There are four parameters that you can change to customize Rave's approach to calculating functions of random variables:
- The distribution of each random variable
- The number of samples used to calculate statistic (5000 in the example above)
- The method by which the random values are sampled from the distributions
- The statistic used to aggregate the values of z back into a single value.
Very important: In the example above, it took 5000 evaluations of the function f to calculate the mean of z for the single case x=5. In reality, most activities in Rave require many samples. For example, creating a Contour plot that uses a 10x10 grid of points would require 100 deterministic cases, so for 5000 random samples it would require 500,000 function evaluations!
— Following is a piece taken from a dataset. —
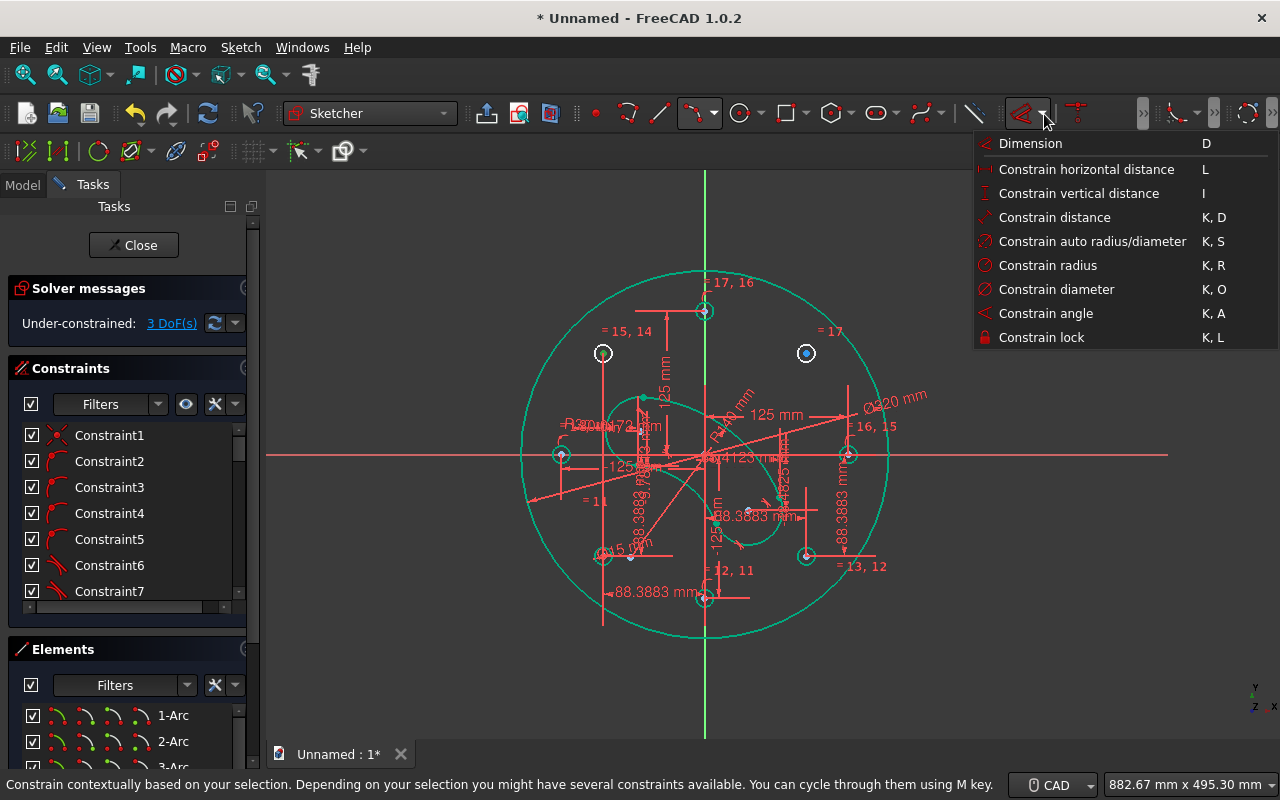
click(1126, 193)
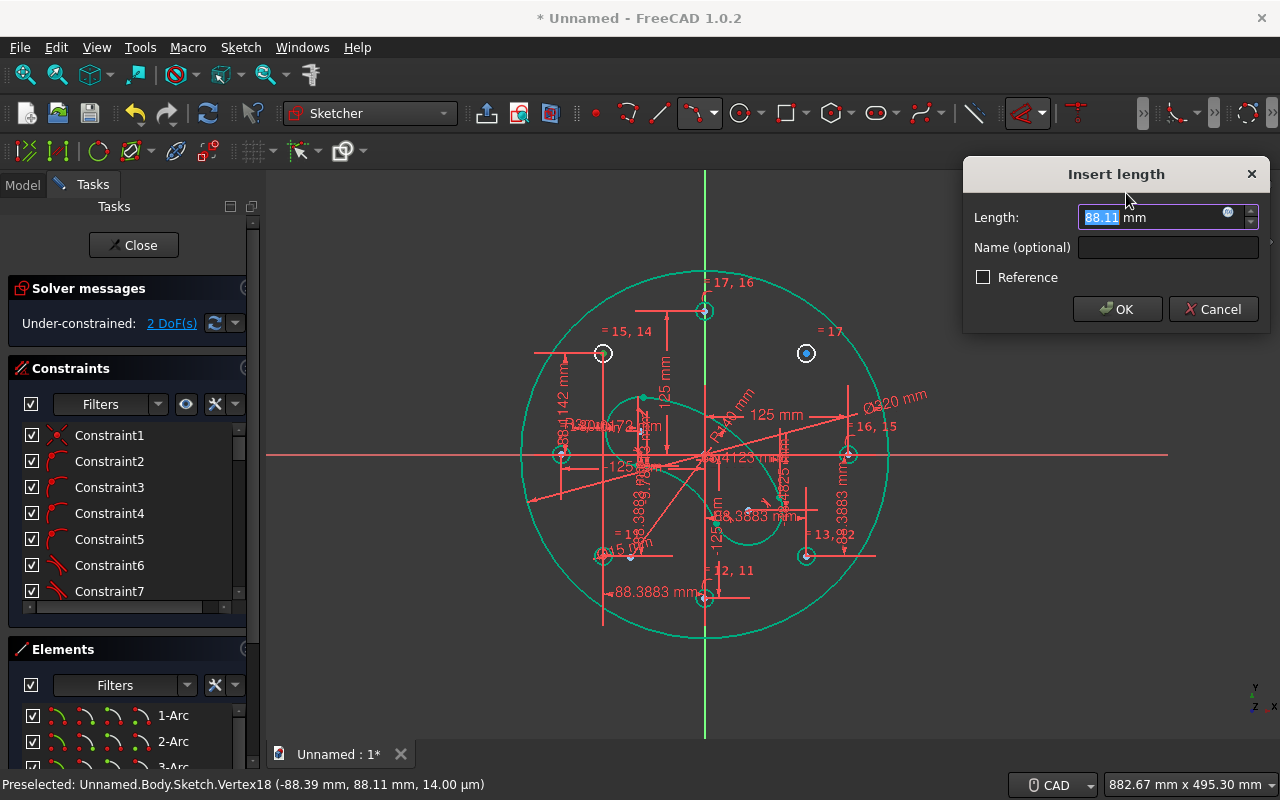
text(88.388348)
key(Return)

Working with random variables is very computationally intensive, and consequently it is only feasible when your functions are extremely fast (think surrogate models or other algebraic functions).
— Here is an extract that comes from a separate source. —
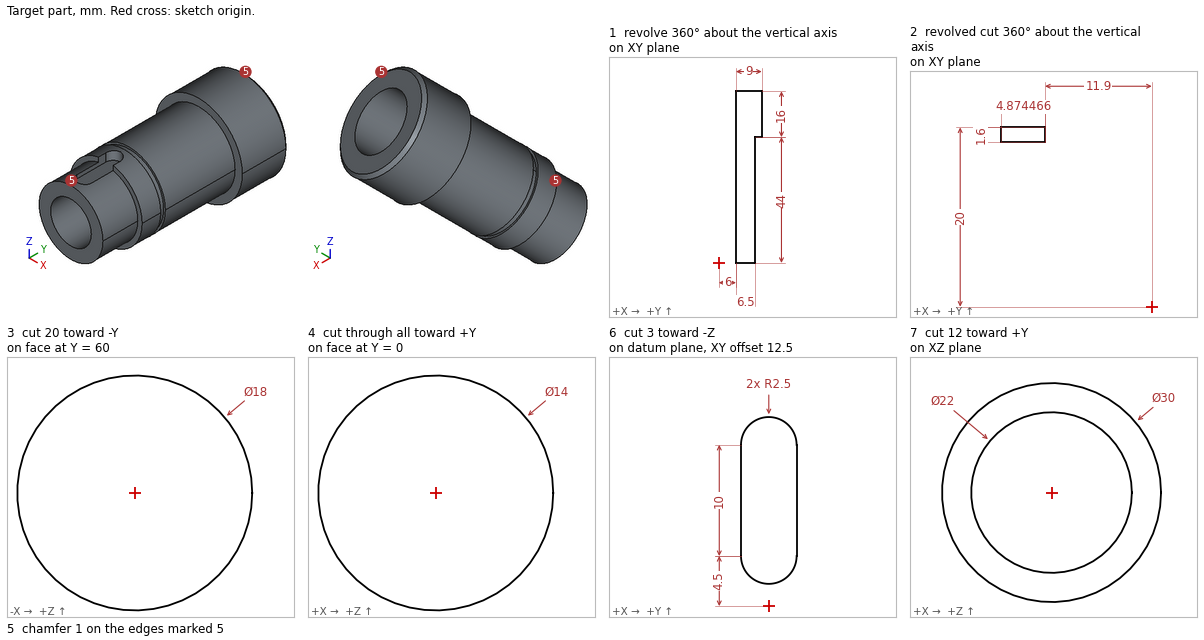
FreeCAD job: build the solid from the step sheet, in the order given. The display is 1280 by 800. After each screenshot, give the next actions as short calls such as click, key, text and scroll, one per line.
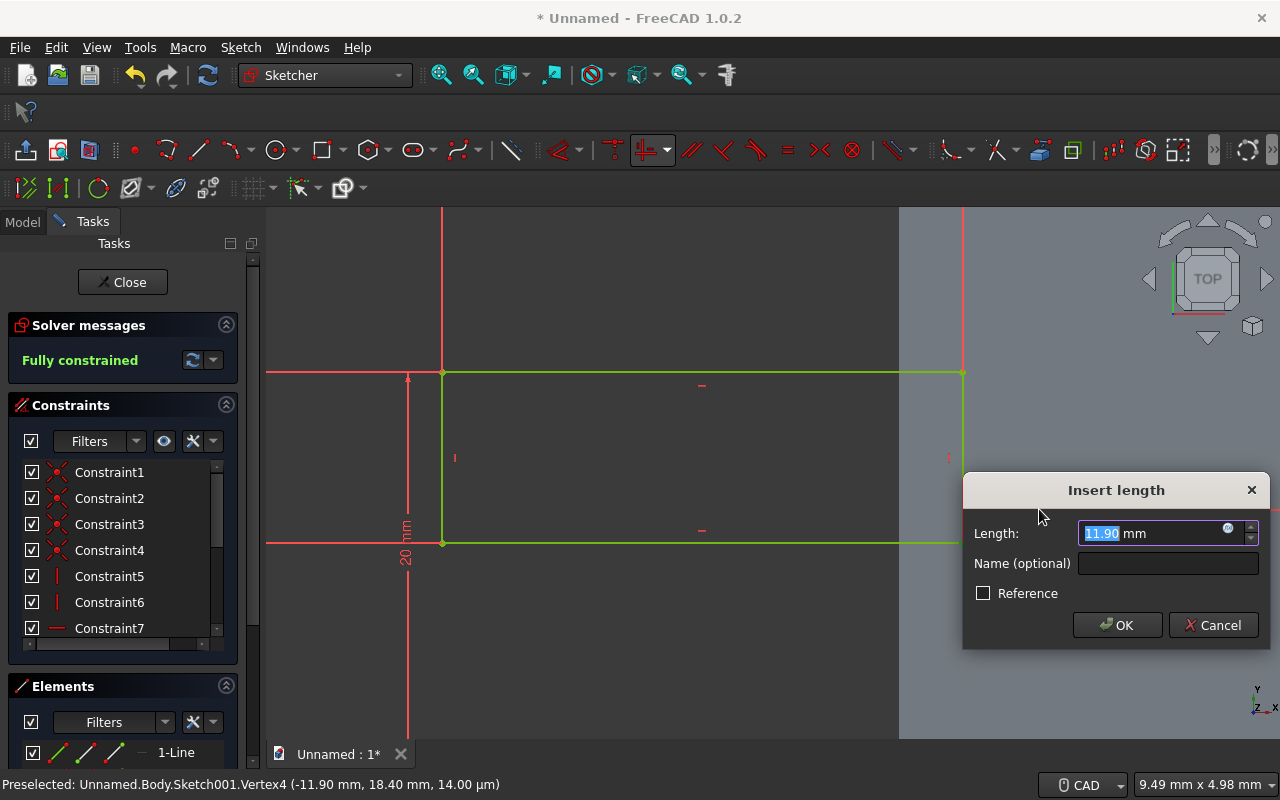
text(11.9)
key(Return)
key(Escape)
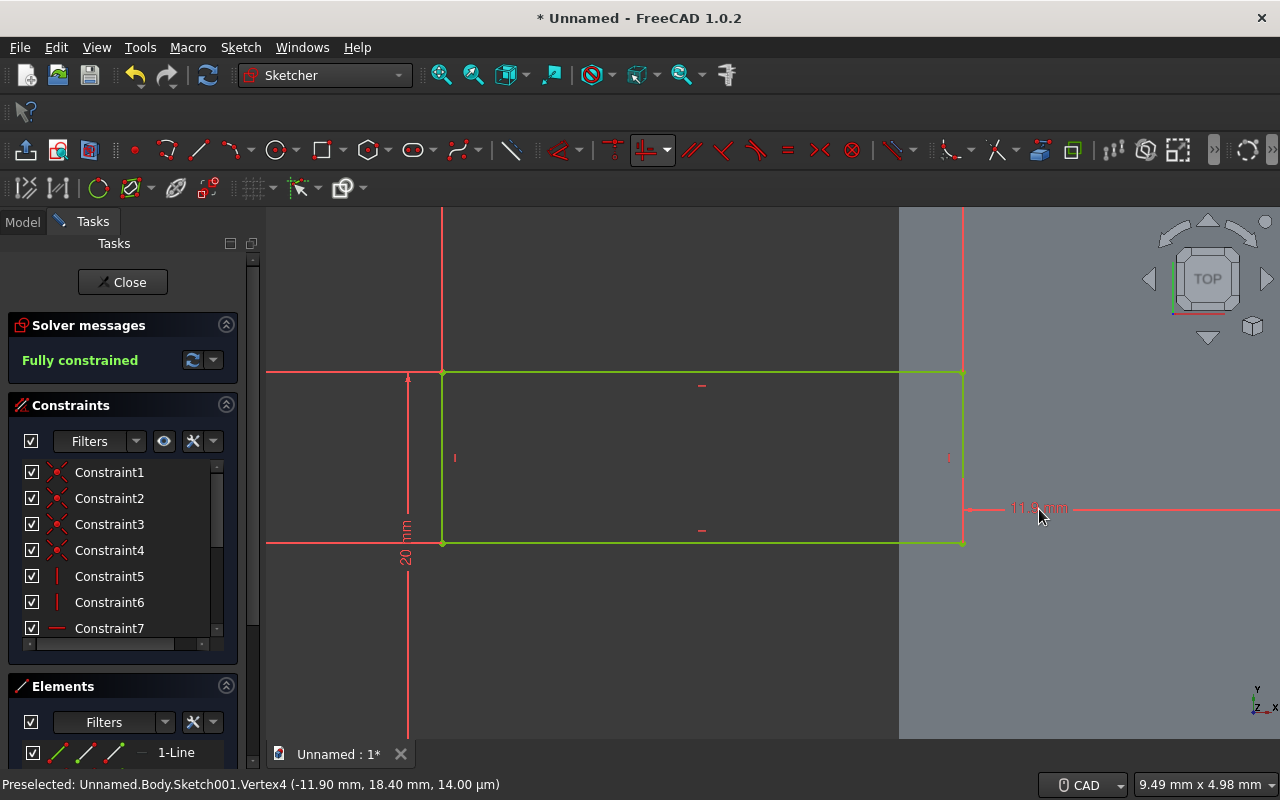
click(123, 282)

Method 2: Sampling Data from Distributions
Statistic Variables: Functions of Random Variables
The way Rave handles functions of Random variables is a little bit complicated. In "real life," a function of a random variable is also a random variable. However, there is no easy way for Rave to store and represent the full distribution of a random variable. Instead, when you have functions of random variables, Rave represents their values to you as scalar-valued statistics. These statistics are calculated by sampling from the distribution many times (number is determined by the "Random Variable Sampling Size" preference) and then aggregating the resulting sampled values into a single number, which is the statistic.
Rave treats functions of random variables as statistics whenever it needs to calculate a single value of the function variable for each row of your data table. The most obvious example is that when you are viewing the table, you will see the statistic values listed. Similarly, when you are viewing most visualizations you will see the statistic values used. But there are some important exceptions:
- Note that Rave always calculates the statistics by some sort of Monte Carlo sampling (you can change how this sampling works by modifying the preferences). Consequently, Rave has access to the full sampled population and is capable of displaying and storing it. However, in general Rave does not display/store it. But the important point is that you can code special workspace objects, explore methods, or other plugins that use the entire distribution.
- When you have a function of functions of random variables, for example: f(g(x)), where x includes some random variables, Rave will generally represent both f and g to you as statistics. However, (this is important) Rave does not calculate f using the statistic value of g(x). f is also calculated as a distribution using the actual sampled values of g(x). In other words, if we let s represent some statistic function that takes in a distribution and returns a scalar value, the statistic value of f(g(x)) is calculated as s(f(g(x))), NOT as s(f(s(g(x)))). In other other words, if you change the statistic used to represent g(x), for example you change from "mean" to "median", the values of f(g(x)) will not change because they are based on the actual sampled values of g(x), not the values of the statistic that Rave uses to represent g(x) to you.
Rave presumes that all functions you load are deterministic. In other words, for each unique input vector, x, the function always returns the same value of y. E.g. your functions never use the rand() function or otherwise introduce randomness inside the function; randomness only comes from randomly varying the inputs to the function.